But we do know the next election will offer Americans new choices on the right and the left. There won’t be a Trump, a Clinton or a Bush anywhere near the ballot.

About half of Americans said in a new CNN Poll that the 2028 presidential election has been on their mind at least somewhat. At Turning Point USA’s annual AmericaFest conference in Arizona last weekend, the conservative group’s leader Erika Kirk all but endorsed Vice President JD Vance, even though he has not launched a campaign.

Assuming he does run, Vance will have to hold together President Donald Trump’s fragile voter coalition — cracks were on display at Turning Point — and fend off other Republicans who want their shot at the White House.

I talked to CNN’s Eric Bradner, who covers Republicans, about the current state of play, who we expect to launch a 2020 presidential campaign and where the party will head in the looming post Trump era.

Our conversation, conducted by phone and edited for clarity, is below.

And for a look at the Democratic field, check out this conversation with CNN’s Edward-Isaac Dovere.

JD Vance is Republicans’ 2028 pace car

WOLF: Democrats will have a wide-open field with no clear leader in 2028. What will Republicans have?

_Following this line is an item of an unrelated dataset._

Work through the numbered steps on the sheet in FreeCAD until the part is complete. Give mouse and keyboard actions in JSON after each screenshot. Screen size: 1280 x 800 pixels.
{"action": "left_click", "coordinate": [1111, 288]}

BRADNER: Republicans have a sitting vice president in JD Vance, and in recent months, it has become increasingly clear that he holds the 2028 starting gun in his hand. He has said he doesn’t plan to do anything until after the midterm elections next year, and then he plans to sit down with President Trump and talk about 2028. So the timeline for Vance to become an active candidate, if that’s what he chooses to do — and I think just about everyone expects that he will — is probably at least a year away. But it seems increasingly clear that a lot of Republicans are going to be waiting on him, and some big names are going to defer to him.

Trump is teasing a Vance-Rubio ticket

WOLF: Trump likes to make jokes about Vance and Rubio running together. Vance made a joke recently about the idea that Rubio could run. Could two Trump officials challenge each other or come out with a unified ticket?

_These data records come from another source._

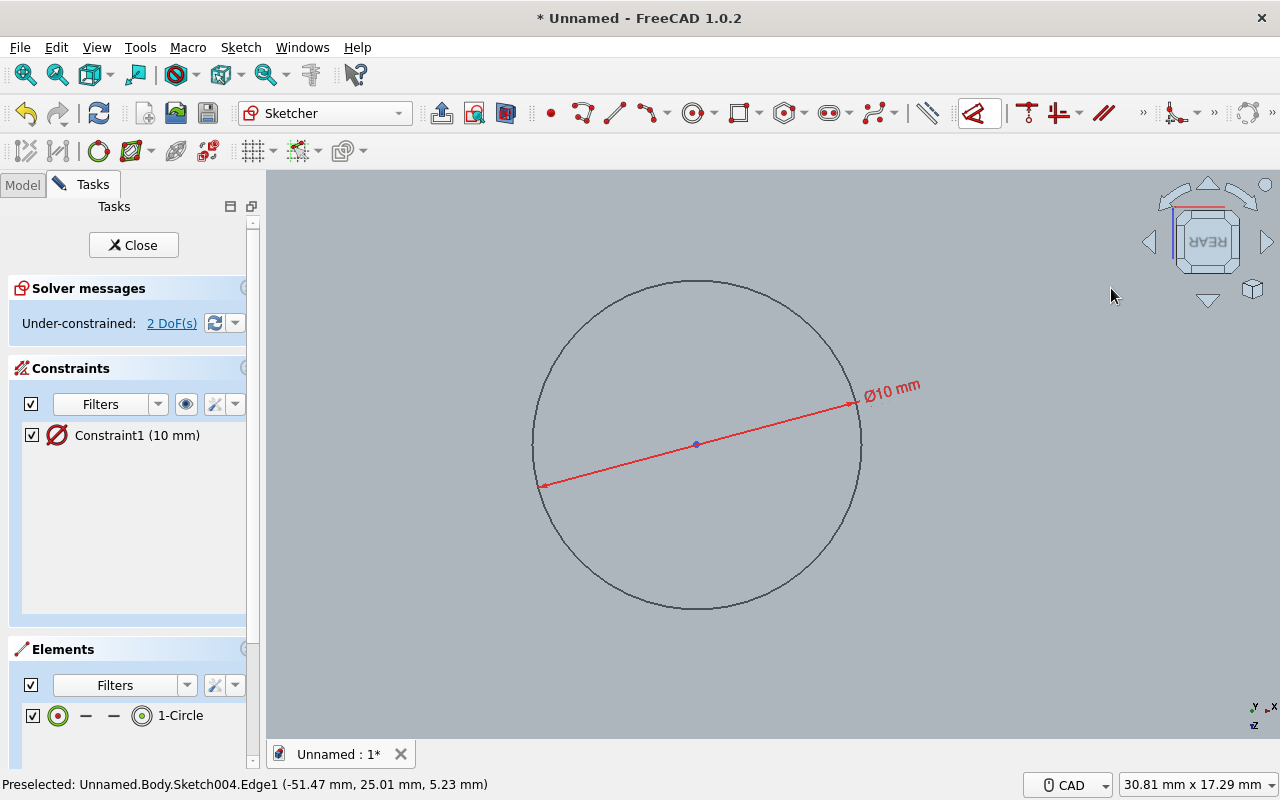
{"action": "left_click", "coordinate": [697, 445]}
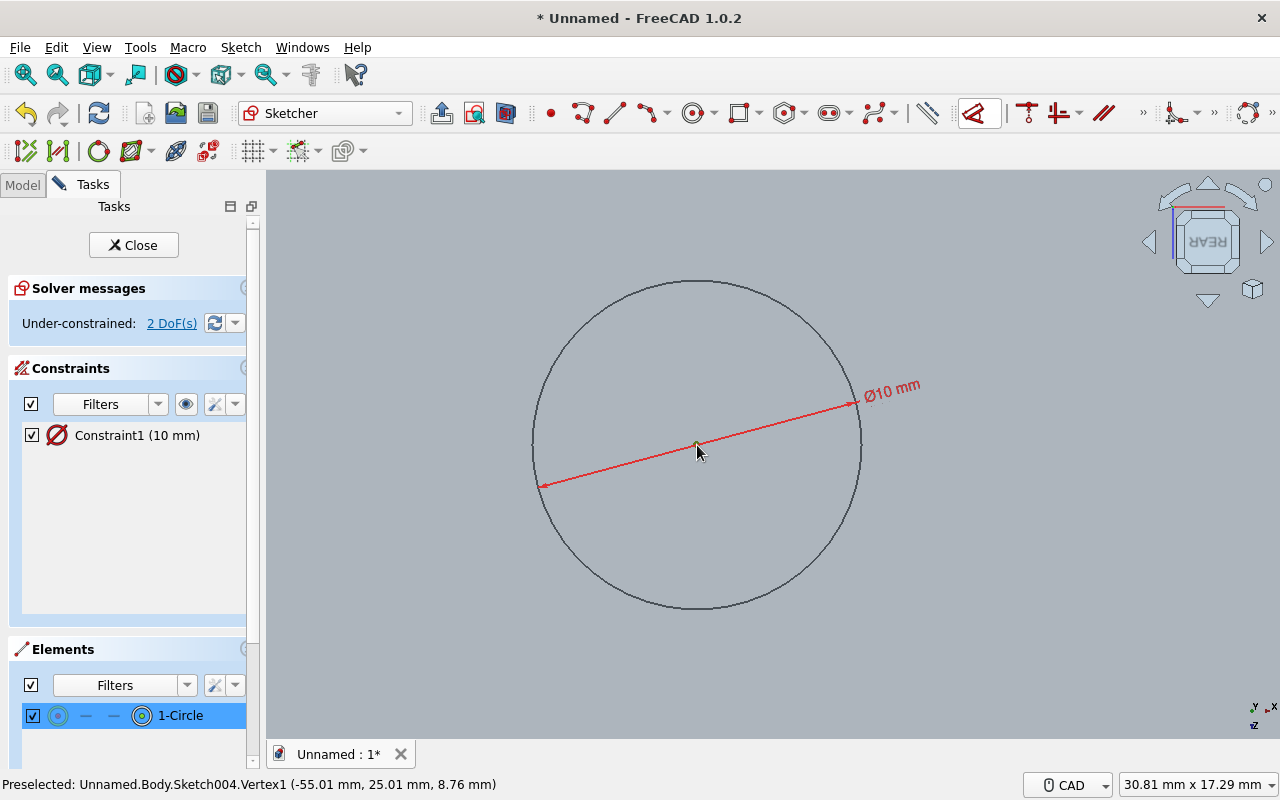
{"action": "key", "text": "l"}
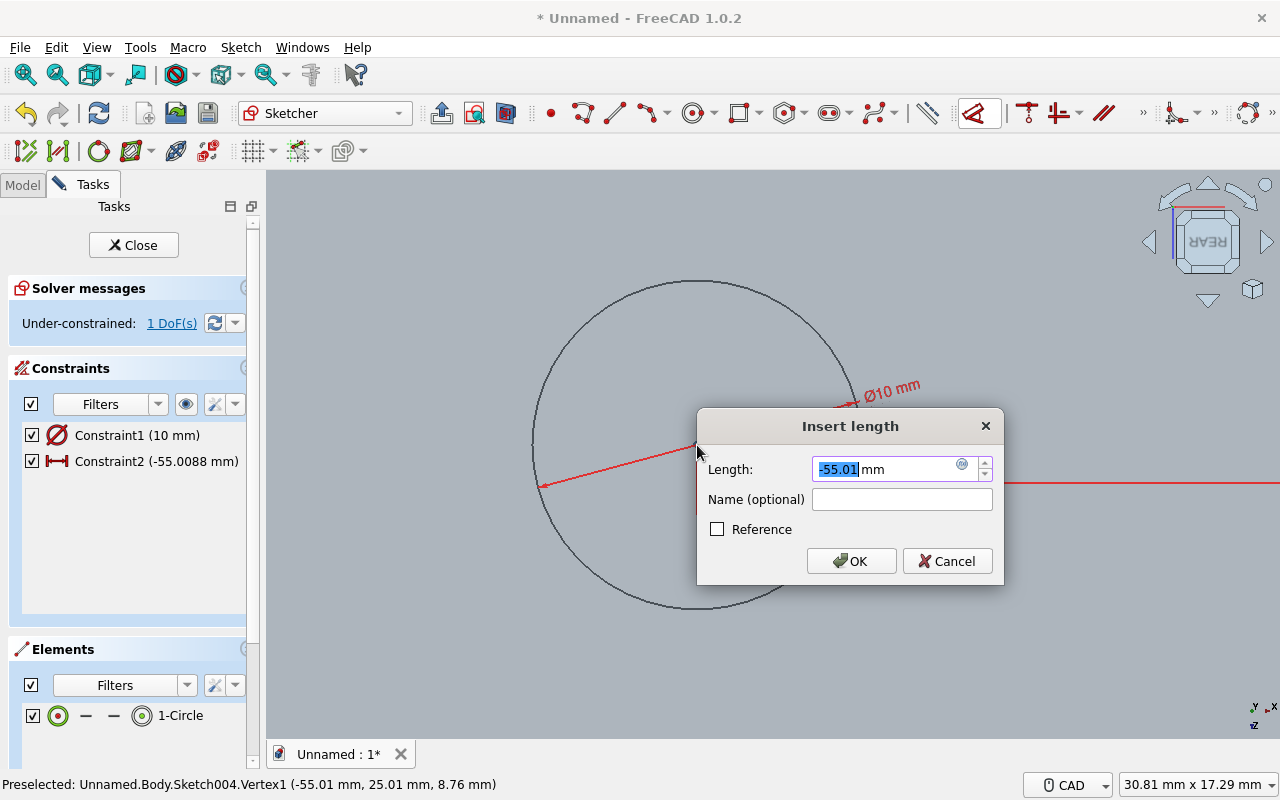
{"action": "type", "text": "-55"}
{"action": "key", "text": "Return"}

BRADNER: I’m not sure President Trump is actually joking. One of the many newsy tidbits in the Vanity Fair profile of White House chief of staff Susie Wiles was Marco Rubio saying that if JD Vance runs for president, Vance will be the Republican nominee, and he will support him.

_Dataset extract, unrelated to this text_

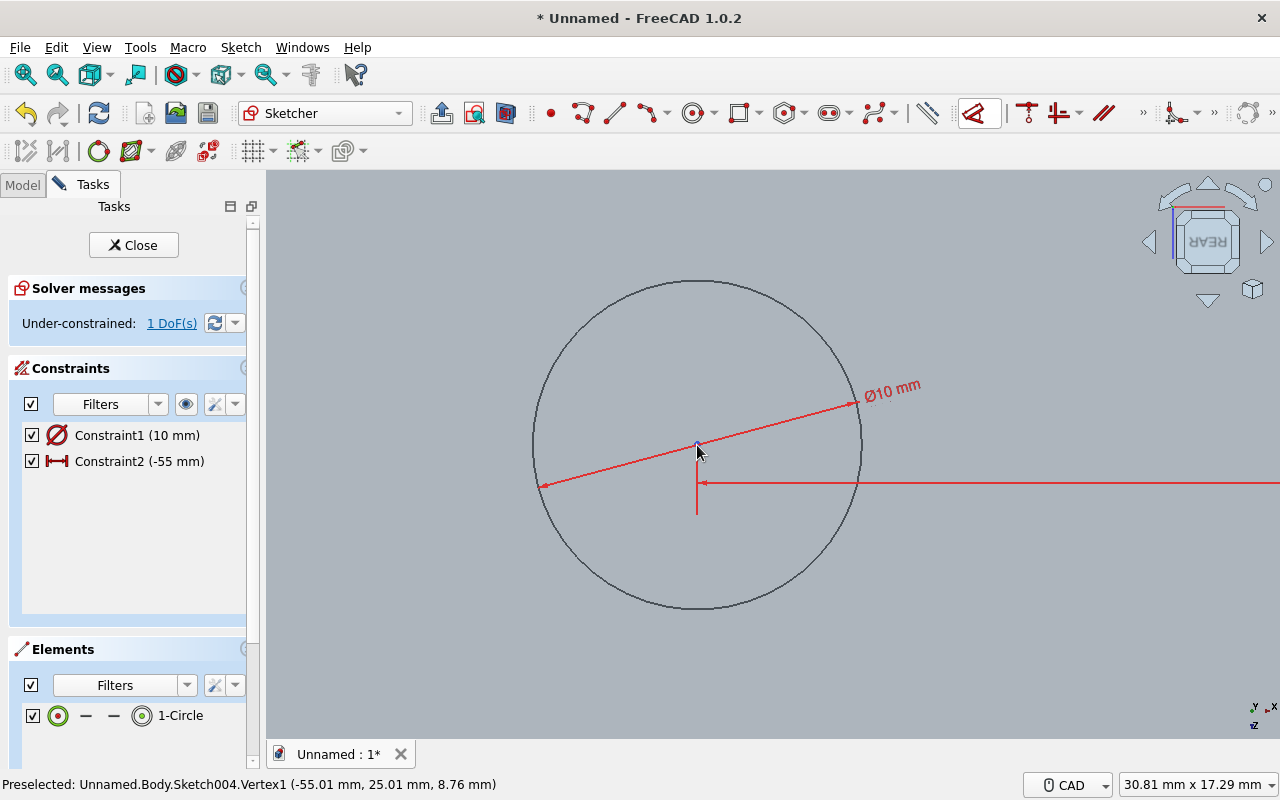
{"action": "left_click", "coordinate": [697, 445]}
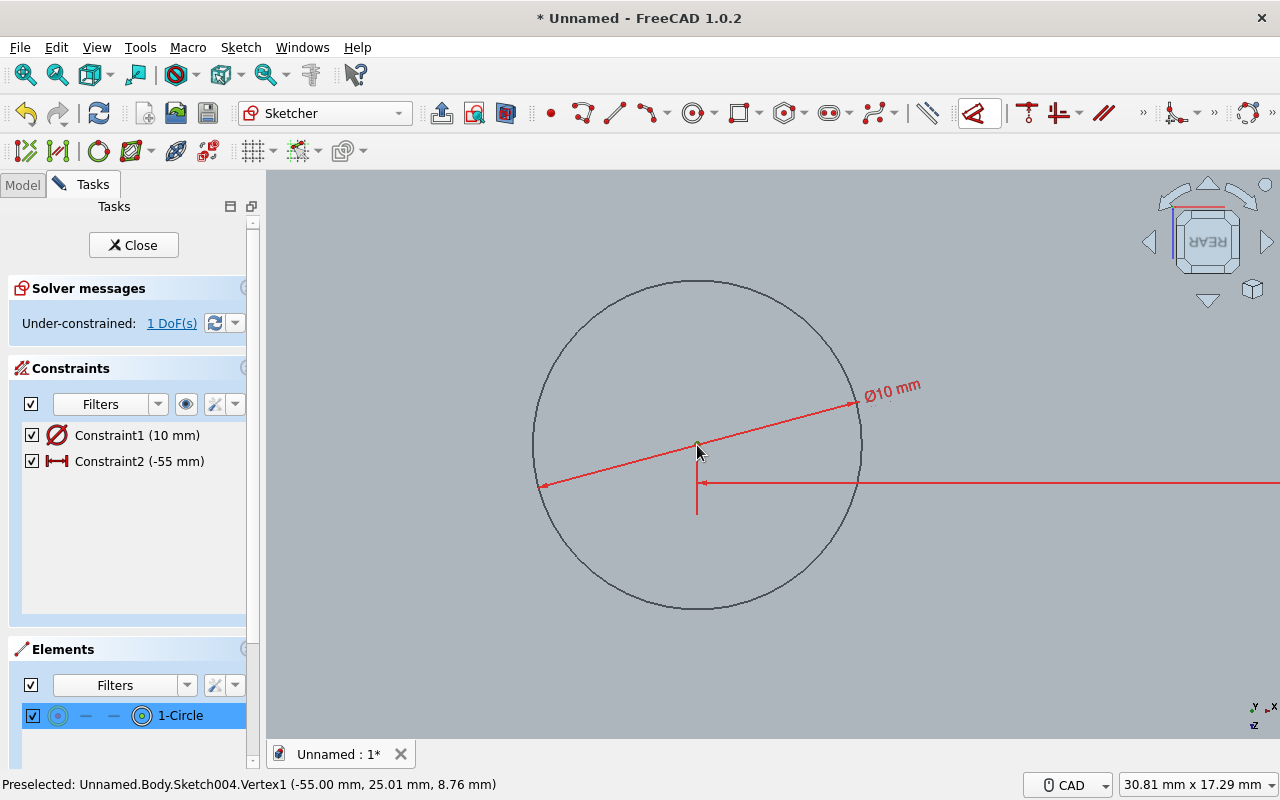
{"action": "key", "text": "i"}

Rubio is obviously someone who is in President Trump’s good graces; who has run for president before, knows how to do it, and would be a viable candidate in any race he entered. But he does not seem to have an appetite to take on JD Vance, at least at this early stage of the Trump presidency.

Now, Vance is the vice president. He is attached to President Trump for all four years. Marco Rubio, like many Cabinet officials, could leave at some point. He could leave after the midterms. But as of right now, President Trump keeps floating this idea of a joint Vance-Rubio ticket, and Rubio says he’s not going to take on Vance. It certainly shouldn’t be ignored when two of the key players in all of this don’t seem to be pouring any cold water on it.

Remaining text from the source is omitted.